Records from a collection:
- - - - -

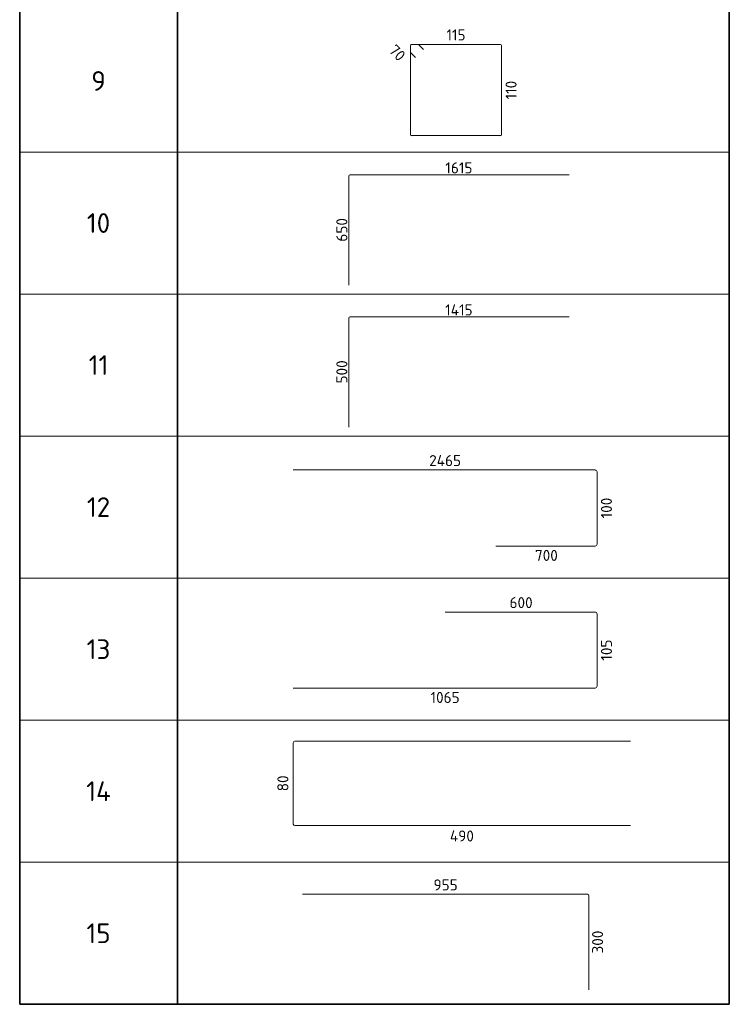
# Model space of a CAD drawing. Header units: millimetres. Extents: x 19591 to 29957, y 54797 to 60130.
# Tile 6 of 7: x 24799 to 26599, y 54797 to 57292. Entities that reach past the tile are written whole.
import ezdxf

# ---------------------------------------------------------------- set-up
doc = ezdxf.new("R2010")
doc.units = ezdxf.units.MM
doc.layers.add('Standard', color=7, linetype='Continuous', lineweight=25)
doc.styles.add('ISOCPEUR', font='ISOCPEUR')

msp = doc.modelspace()

# ---------------------------------------------------------------- linework, layer by layer
at = {"layer": 'Standard', "color": 7, "linetype": 'Continuous', "lineweight": 35, "transparency": 33554687}
for p, q in [((24799.4, 57616.8), (24799.4, 56956.8)), ((25199.4, 57616.8), (25199.4, 56956.8)), ((26599.4, 57616.8), (26599.4, 56956.8)), ((24799.4, 57256.8), (24799.4, 56596.8)), ((25199.4, 57256.8), (25199.4, 56596.8)), ((26599.4, 57256.8), (26599.4, 56596.8)), ((24799.4, 56896.8), (24799.4, 56236.8)), ((25199.4, 56896.8), (25199.4, 56236.8)), ((26599.4, 56896.8), (26599.4, 56236.8)), ((24799.4, 56536.8), (24799.4, 55876.8)), ((25199.4, 56536.8), (25199.4, 55876.8)), ((26599.4, 56536.8), (26599.4, 55876.8)), ((24799.4, 56176.8), (24799.4, 55516.8)), ((25199.4, 56176.8), (25199.4, 55516.8)), ((26599.4, 56176.8), (26599.4, 55516.8)), ((24799.4, 55816.8), (24799.4, 55156.8)), ((25199.4, 55816.8), (25199.4, 55156.8)), ((26599.4, 55816.8), (26599.4, 55156.8)), ((24799.4, 55456.8), (24799.4, 54796.8)), ((25199.4, 55456.8), (25199.4, 54796.8)), ((26599.4, 55456.8), (26599.4, 54796.8)), ((24799.4, 54796.8), (26599.4, 54796.8))]:
    msp.add_line(p, q, dxfattribs=at)
at = {"layer": 'Standard', "color": 40, "linetype": 'Continuous', "lineweight": 18, "transparency": 33554687}
for p, q in [((25790.5, 57209.9), (25790.5, 57227)), ((25790.5, 57001), (25790.5, 57227)), ((25792.8, 57229.3), (26018.8, 57229.3)), ((25792.8, 57229.3), (25809.9, 57229.3)), ((25811.5, 57228.6), (25823.9, 57216.2)), ((26021.7, 57226.4), (26021.7, 57001)), ((25803.6, 57195.9), (25791.2, 57208.3)), ((26018.8, 56998.2), (25793.4, 56998.2))]:
    msp.add_line(p, q, dxfattribs=at)
at = {"layer": 'Standard', "color": 7, "linetype": 'Continuous', "lineweight": 13, "transparency": 33554687}
for p, q in [((24799.4, 56956.8), (26599.4, 56956.8)), ((24799.4, 56596.8), (26599.4, 56596.8)), ((24799.4, 56236.8), (26599.4, 56236.8)), ((24799.4, 55876.8), (26599.4, 55876.8)), ((24799.4, 55516.8), (26599.4, 55516.8)), ((24799.4, 55156.8), (26599.4, 55156.8)), ((24799.4, 54796.8), (26599.4, 54796.8))]:
    msp.add_line(p, q, dxfattribs=at)
at = {"layer": 'Standard', "color": 11, "linetype": 'Continuous', "lineweight": 18, "true_color": 0xff8c8c, "transparency": 33554687}
for p, q in [((25633.9, 56619.7), (25633.9, 56895.2)), ((25638, 56899.3), (26193.1, 56899.3))]:
    msp.add_line(p, q, dxfattribs=at)
at = {"layer": 'Standard', "color": 211, "linetype": 'Continuous', "lineweight": 18, "true_color": 0xff54ff, "transparency": 33554687}
for p, q in [((25633.9, 56259.7), (25633.9, 56535.7)), ((25637.5, 56539.3), (26193.1, 56539.3)), ((26258.9, 56150.9), (25493.2, 56150.9)), ((26263.8, 55963.2), (26263.8, 56145.9)), ((26007, 55958.2), (26258.9, 55958.2)), ((25878.5, 55790.9), (26258.9, 55790.9)), ((26263.8, 55785.9), (26263.8, 55603.2)), ((26258.9, 55598.2), (25493.2, 55598.2))]:
    msp.add_line(p, q, dxfattribs=at)
at = {"layer": 'Standard', "color": 4, "linetype": 'Continuous', "lineweight": 18, "transparency": 33554687}
for p, q in [((25493.4, 55253.7), (25493.4, 55459.6)), ((25497.4, 55463.6), (26348.8, 55463.6)), ((26348.8, 55249.8), (25497.4, 55249.8)), ((25516.6, 55075.6), (26239.5, 55075.6)), ((26242.8, 55072.2), (26242.8, 54833.5))]:
    msp.add_line(p, q, dxfattribs=at)
at = {"layer": 'Standard', "color": 40, "linetype": 'Continuous', "lineweight": 18, "transparency": 33554687}
for centre, radius, start, end in [((25792.8, 57227), 2.3, 90, 180), ((25792.8, 57227), 2.3, 90, 180), ((25809.9, 57227), 2.3, 45, 90), ((26018.8, 57226.4), 2.88, 0, 90), ((25792.8, 57209.9), 2.3, 180, 225), ((25793.4, 57001), 2.88, 180, 270), ((26018.8, 57001), 2.88, 270, 0)]:
    msp.add_arc(centre, radius, start, end, dxfattribs=at)
at = {"layer": 'Standard', "color": 11, "linetype": 'Continuous', "lineweight": 18, "true_color": 0xff8c8c, "transparency": 33554687}
msp.add_arc((25638, 56895.2), 4.12, 90, 180, dxfattribs=at)
at = {"layer": 'Standard', "color": 211, "linetype": 'Continuous', "lineweight": 18, "true_color": 0xff54ff, "transparency": 33554687}
for centre, radius, start, end in [((25637.5, 56535.7), 3.6, 90, 180), ((26258.9, 56145.9), 4.97, 0, 90), ((26258.9, 55963.2), 4.97, 270, 0), ((26258.9, 55785.9), 4.97, 0, 90), ((26258.9, 55603.2), 4.97, 270, 0)]:
    msp.add_arc(centre, radius, start, end, dxfattribs=at)
at = {"layer": 'Standard', "color": 4, "linetype": 'Continuous', "lineweight": 18, "transparency": 33554687}
for centre, radius, start, end in [((25497.4, 55459.6), 3.94, 90, 180), ((25497.4, 55253.7), 3.94, 180, 270), ((26239.5, 55072.2), 3.34, 0, 90)]:
    msp.add_arc(centre, radius, start, end, dxfattribs=at)

# ---------------------------------------------------------------- texts
at = {"layer": 'Standard', "color": 7, "linetype": 'Continuous', "lineweight": 25, "transparency": 33554687, "char_height": 28, "attachment_point": 5, "style": 'ISOCPEUR'}
for s, insert, width in [('\\A1;{\\fISOCPEUR|i0|b0;\\H28.000000;\\W1.000000;\\C7;115}\\P', (25906.1, 57253.5), 57.948), ('\\A1;{\\fISOCPEUR|i0|b0;\\H28.000000;\\W1.000000;\\C7;1615}\\P', (25913.5, 56916.6), 78.4), ('\\A1;{\\fISOCPEUR|i0|b0;\\H28.000000;\\W1.000000;\\C7;1415}\\P', (25913.5, 56556.6), 81.29), ('\\A1;{\\fISOCPEUR|i0|b0;\\H28.000000;\\W1.000000;\\C7;2465}\\P', (25878.5, 56174.7), 94.297), ('\\A1;{\\fISOCPEUR|i0|b0;\\H28.000000;\\W1.000000;\\C7;700}\\P', (26135.4, 55934.4), 71.583), ('\\A1;{\\fISOCPEUR|i0|b0;\\H28.000000;\\W1.000000;\\C7;600}\\P', (26071.2, 55814.7), 71.583), ('\\A1;{\\fISOCPEUR|i0|b0;\\H28.000000;\\W1.000000;\\C7;1065}\\P', (25878.5, 55574.4), 84.933), ('\\A1;{\\fISOCPEUR|i0|b0;\\H28.000000;\\W1.000000;\\C7;490}\\P', (25921.1, 55223.3), 74.433), ('\\A1;{\\fISOCPEUR|i0|b0;\\H28.000000;\\W1.000000;\\C7;955}\\P', (25879.7, 55099.3), 71.583)]:
    msp.add_mtext(s, dxfattribs=dict(at, insert=insert, width=width))
for s, insert, width, rotation in [('\\A1;{\\fISOCPEUR|i0|b0;\\H28.000000;\\W1.000000;\\C7;70}\\P', (25757.1, 57208.1), 51.45, 315), ('\\A1;{\\fISOCPEUR|i0|b0;\\H28.000000;\\W1.000000;\\C7;110}\\P', (26045.9, 57113.7), 57.948, 90), ('\\A1;{\\fISOCPEUR|i0|b0;\\H28.000000;\\W1.000000;\\C7;650}\\P', (25616.6, 56759.5), 71.583, 90), ('\\A1;{\\fISOCPEUR|i0|b0;\\H28.000000;\\W1.000000;\\C7;500}\\P', (25616.6, 56399.5), 71.583, 90), ('\\A1;{\\fISOCPEUR|i0|b0;\\H28.000000;\\W1.000000;\\C7;100}\\P', (26287.7, 56054.5), 64.765, 90), ('\\A1;{\\fISOCPEUR|i0|b0;\\H28.000000;\\W1.000000;\\C7;105}\\P', (26287.7, 55694.5), 64.765, 90), ('\\A1;{\\fISOCPEUR|i0|b0;\\H28.000000;\\W1.000000;\\C7;80}\\P', (25467, 55356.7), 51.45, 90), ('\\A1;{\\fISOCPEUR|i0|b0;\\H28.000000;\\W1.000000;\\C7;300}\\P', (26265.3, 54954.5), 71.583, 90)]:
    msp.add_mtext(s, dxfattribs=dict(at, insert=insert, width=width, rotation=rotation))
at = {"layer": 'Standard', "color": 7, "linetype": 'Continuous', "lineweight": 35, "transparency": 33554687, "char_height": 10, "attachment_point": 5, "style": 'ISOCPEUR'}
for s, insert, width in [('\\A1;{\\fISOCPEUR|i0|b0;\\H50.000000;\\W1.000000;\\C7;9}\\P', (24999.4, 57136.8), 54.444), ('\\A1;{\\fISOCPEUR|i0|b0;\\H50.000000;\\W1.000000;\\C7;10}\\P', (24999.4, 56776.8), 78.75), ('\\A1;{\\fISOCPEUR|i0|b0;\\H50.000000;\\W1.000000;\\C7;11}\\P', (24999.4, 56416.8), 65.625), ('\\A1;{\\fISOCPEUR|i0|b0;\\H50.000000;\\W1.000000;\\C7;12}\\P', (24999.4, 56056.8), 78.75), ('\\A1;{\\fISOCPEUR|i0|b0;\\H50.000000;\\W1.000000;\\C7;13}\\P', (24999.4, 55696.8), 78.75), ('\\A1;{\\fISOCPEUR|i0|b0;\\H50.000000;\\W1.000000;\\C7;14}\\P', (24999.4, 55336.8), 84.118), ('\\A1;{\\fISOCPEUR|i0|b0;\\H50.000000;\\W1.000000;\\C7;15}\\P', (24999.4, 54976.8), 78.75)]:
    msp.add_mtext(s, dxfattribs=dict(at, insert=insert, width=width))

doc.saveas('drawing.dxf')

- - - - -

Repeat, with no pictures, every line from the top of the entries above through the line that has "layer by layer", keeping each one exact.

# Model space of a CAD drawing. Header units: millimetres. Extents: x 19591 to 29957, y 54797 to 60130.
# Tile 6 of 7: x 24799 to 26599, y 54797 to 57292. Entities that reach past the tile are written whole.
import ezdxf

# ---------------------------------------------------------------- set-up
doc = ezdxf.new("R2010")
doc.units = ezdxf.units.MM
doc.layers.add('Standard', color=7, linetype='Continuous', lineweight=25)
doc.styles.add('ISOCPEUR', font='ISOCPEUR')

msp = doc.modelspace()

# ---------------------------------------------------------------- linework, layer by layer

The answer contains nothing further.